### Exercise input
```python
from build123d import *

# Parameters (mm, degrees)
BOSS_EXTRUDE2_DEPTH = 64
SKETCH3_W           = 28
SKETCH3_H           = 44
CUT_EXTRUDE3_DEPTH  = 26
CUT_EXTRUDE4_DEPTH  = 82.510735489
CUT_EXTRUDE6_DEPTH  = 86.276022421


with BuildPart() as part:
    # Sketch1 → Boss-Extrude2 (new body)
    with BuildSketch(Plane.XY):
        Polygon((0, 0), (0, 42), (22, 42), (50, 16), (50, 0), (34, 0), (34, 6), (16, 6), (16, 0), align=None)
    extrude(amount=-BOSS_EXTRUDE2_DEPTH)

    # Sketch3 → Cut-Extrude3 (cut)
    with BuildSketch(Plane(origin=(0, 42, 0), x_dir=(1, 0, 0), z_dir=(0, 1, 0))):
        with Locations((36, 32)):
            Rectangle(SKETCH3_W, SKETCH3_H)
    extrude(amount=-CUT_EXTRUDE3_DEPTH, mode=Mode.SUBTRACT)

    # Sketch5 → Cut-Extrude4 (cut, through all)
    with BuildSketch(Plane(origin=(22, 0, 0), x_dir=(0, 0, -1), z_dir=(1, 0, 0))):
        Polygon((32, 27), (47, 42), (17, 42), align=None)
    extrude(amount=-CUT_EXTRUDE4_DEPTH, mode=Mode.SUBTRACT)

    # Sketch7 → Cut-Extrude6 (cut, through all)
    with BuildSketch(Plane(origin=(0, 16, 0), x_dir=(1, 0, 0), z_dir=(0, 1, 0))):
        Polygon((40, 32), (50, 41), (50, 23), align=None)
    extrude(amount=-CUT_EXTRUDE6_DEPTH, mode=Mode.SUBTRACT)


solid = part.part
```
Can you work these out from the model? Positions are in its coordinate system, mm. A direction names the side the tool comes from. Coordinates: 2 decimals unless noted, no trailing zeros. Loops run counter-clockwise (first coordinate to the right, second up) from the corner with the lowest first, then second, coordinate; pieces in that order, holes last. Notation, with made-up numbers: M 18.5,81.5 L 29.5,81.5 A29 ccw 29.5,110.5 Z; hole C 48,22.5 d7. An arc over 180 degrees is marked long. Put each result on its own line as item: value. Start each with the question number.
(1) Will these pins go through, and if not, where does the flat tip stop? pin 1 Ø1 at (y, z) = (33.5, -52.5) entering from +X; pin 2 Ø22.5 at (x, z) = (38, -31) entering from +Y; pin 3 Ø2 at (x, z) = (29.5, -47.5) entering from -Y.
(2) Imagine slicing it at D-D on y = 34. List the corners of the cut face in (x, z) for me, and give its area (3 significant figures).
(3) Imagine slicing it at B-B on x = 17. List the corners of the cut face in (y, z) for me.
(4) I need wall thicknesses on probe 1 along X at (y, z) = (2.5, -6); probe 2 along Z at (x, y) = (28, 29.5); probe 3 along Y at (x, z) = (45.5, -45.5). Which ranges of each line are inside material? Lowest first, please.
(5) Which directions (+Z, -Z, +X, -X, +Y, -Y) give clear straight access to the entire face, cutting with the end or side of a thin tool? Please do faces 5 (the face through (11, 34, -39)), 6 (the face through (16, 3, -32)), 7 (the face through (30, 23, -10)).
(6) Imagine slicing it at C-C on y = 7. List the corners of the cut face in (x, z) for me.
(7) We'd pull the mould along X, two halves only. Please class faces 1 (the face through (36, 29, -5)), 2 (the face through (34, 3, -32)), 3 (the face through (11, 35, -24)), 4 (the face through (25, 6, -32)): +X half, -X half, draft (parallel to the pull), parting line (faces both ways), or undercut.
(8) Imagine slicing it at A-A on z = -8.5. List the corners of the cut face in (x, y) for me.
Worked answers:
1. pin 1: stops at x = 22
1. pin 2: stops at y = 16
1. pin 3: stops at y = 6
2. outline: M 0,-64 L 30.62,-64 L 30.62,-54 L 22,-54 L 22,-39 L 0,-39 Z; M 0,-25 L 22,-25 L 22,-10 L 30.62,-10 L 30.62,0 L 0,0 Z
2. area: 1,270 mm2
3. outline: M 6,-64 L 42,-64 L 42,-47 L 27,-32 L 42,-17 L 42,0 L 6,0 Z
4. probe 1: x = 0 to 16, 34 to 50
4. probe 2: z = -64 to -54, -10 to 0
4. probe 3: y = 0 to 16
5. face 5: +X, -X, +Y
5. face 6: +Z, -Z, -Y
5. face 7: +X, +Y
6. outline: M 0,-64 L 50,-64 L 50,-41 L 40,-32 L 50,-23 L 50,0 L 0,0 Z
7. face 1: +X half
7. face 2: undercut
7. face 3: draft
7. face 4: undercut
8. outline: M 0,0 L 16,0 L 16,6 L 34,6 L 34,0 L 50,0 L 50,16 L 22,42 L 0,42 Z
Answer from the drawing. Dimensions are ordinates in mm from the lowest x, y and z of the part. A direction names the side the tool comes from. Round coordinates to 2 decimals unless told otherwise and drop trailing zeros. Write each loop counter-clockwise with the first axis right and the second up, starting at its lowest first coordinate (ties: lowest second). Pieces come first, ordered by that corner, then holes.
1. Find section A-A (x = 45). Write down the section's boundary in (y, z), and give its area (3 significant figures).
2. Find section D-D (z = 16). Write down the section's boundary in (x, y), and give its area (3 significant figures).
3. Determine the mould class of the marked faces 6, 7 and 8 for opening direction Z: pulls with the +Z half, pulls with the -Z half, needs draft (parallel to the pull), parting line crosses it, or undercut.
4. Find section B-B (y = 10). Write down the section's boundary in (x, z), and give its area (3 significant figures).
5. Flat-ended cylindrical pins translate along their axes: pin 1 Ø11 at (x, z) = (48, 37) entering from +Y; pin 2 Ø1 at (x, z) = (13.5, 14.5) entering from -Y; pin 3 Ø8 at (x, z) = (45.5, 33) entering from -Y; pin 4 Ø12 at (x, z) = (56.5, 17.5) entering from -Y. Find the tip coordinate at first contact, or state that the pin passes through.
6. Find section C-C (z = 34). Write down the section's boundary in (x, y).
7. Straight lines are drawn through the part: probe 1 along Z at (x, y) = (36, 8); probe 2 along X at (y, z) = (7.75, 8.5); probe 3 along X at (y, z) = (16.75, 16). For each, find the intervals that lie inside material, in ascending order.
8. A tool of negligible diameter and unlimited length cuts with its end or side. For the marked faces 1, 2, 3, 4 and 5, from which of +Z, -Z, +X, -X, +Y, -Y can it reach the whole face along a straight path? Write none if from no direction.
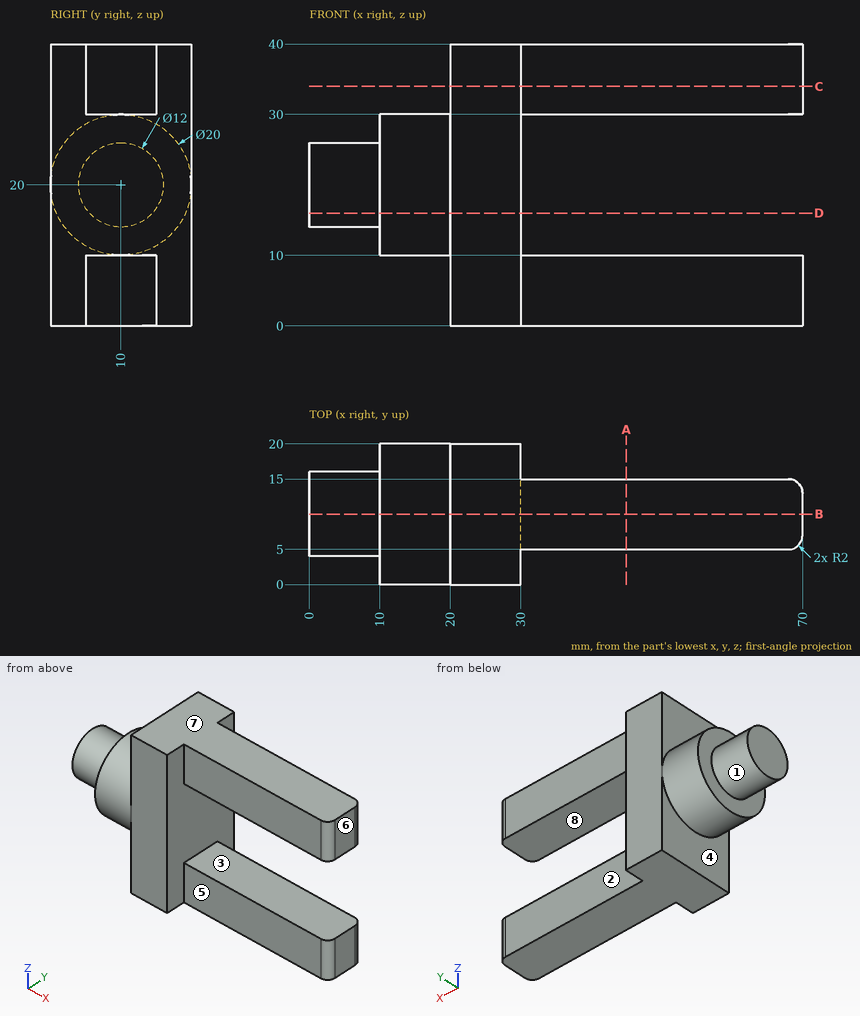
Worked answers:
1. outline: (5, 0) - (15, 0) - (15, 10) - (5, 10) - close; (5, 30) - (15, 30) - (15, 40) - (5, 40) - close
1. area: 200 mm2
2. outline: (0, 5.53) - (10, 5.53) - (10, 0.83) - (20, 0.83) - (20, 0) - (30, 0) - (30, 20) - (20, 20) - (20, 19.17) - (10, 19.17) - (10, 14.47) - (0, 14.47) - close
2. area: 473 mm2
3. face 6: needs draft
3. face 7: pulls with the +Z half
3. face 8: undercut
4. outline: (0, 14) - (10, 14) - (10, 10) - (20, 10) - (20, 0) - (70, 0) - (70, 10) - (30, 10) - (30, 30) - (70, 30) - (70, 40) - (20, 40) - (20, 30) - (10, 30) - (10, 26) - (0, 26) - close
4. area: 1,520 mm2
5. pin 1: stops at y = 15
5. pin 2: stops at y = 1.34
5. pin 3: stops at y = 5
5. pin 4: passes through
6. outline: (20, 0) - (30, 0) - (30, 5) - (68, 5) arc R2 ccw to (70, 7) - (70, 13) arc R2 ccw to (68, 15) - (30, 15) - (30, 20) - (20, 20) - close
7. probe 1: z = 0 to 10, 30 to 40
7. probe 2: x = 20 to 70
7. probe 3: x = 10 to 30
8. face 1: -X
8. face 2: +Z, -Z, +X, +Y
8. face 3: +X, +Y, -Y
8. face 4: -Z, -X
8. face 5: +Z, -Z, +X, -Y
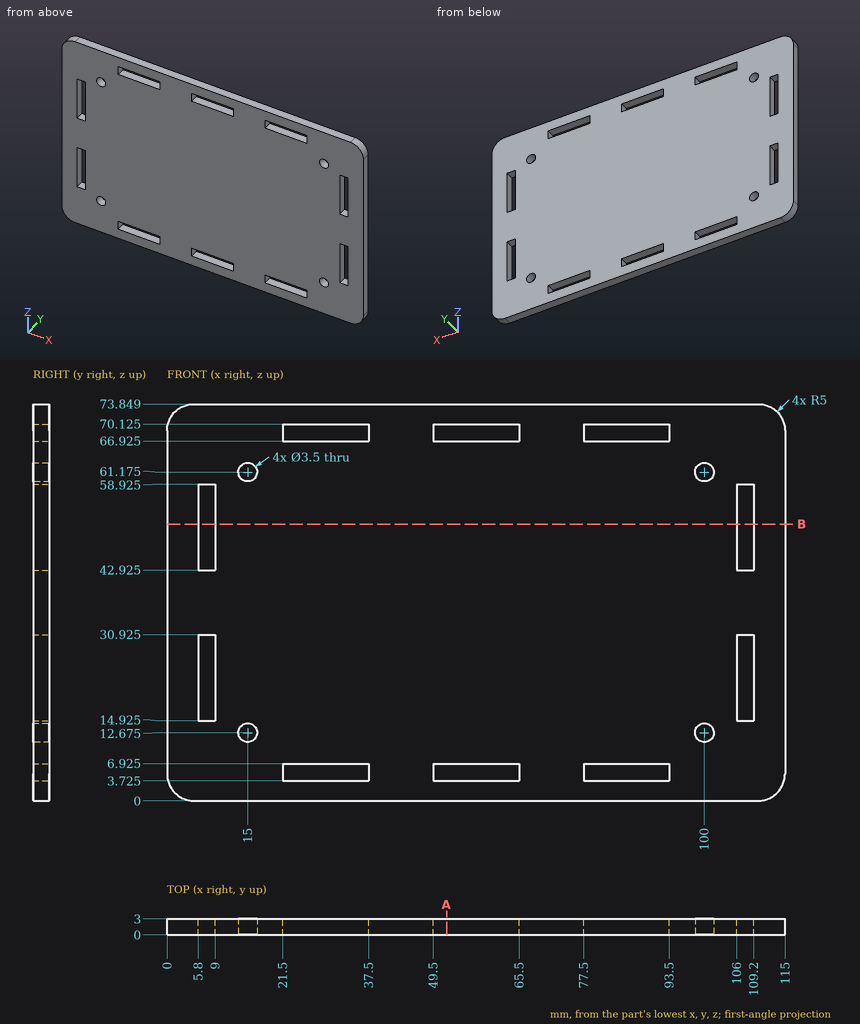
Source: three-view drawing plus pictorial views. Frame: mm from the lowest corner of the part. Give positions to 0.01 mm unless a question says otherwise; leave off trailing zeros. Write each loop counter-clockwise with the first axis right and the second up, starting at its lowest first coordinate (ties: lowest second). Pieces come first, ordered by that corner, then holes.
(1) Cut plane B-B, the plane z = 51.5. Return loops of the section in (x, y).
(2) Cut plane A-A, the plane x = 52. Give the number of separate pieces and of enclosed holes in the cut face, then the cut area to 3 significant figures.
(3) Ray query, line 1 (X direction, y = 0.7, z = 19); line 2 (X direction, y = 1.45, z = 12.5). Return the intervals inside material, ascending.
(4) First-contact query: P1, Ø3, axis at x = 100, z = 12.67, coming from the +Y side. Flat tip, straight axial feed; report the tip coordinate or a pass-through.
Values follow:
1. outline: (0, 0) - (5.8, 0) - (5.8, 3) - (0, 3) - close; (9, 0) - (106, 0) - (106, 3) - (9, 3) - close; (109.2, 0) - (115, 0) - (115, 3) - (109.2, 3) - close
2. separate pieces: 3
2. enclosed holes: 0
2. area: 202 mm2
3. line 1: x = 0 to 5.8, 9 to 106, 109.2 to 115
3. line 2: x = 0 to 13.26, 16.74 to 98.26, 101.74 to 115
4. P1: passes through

### What to do
Determine how many lines of the records above hold the word "Return" and give the number with nothing added.

### The answer
2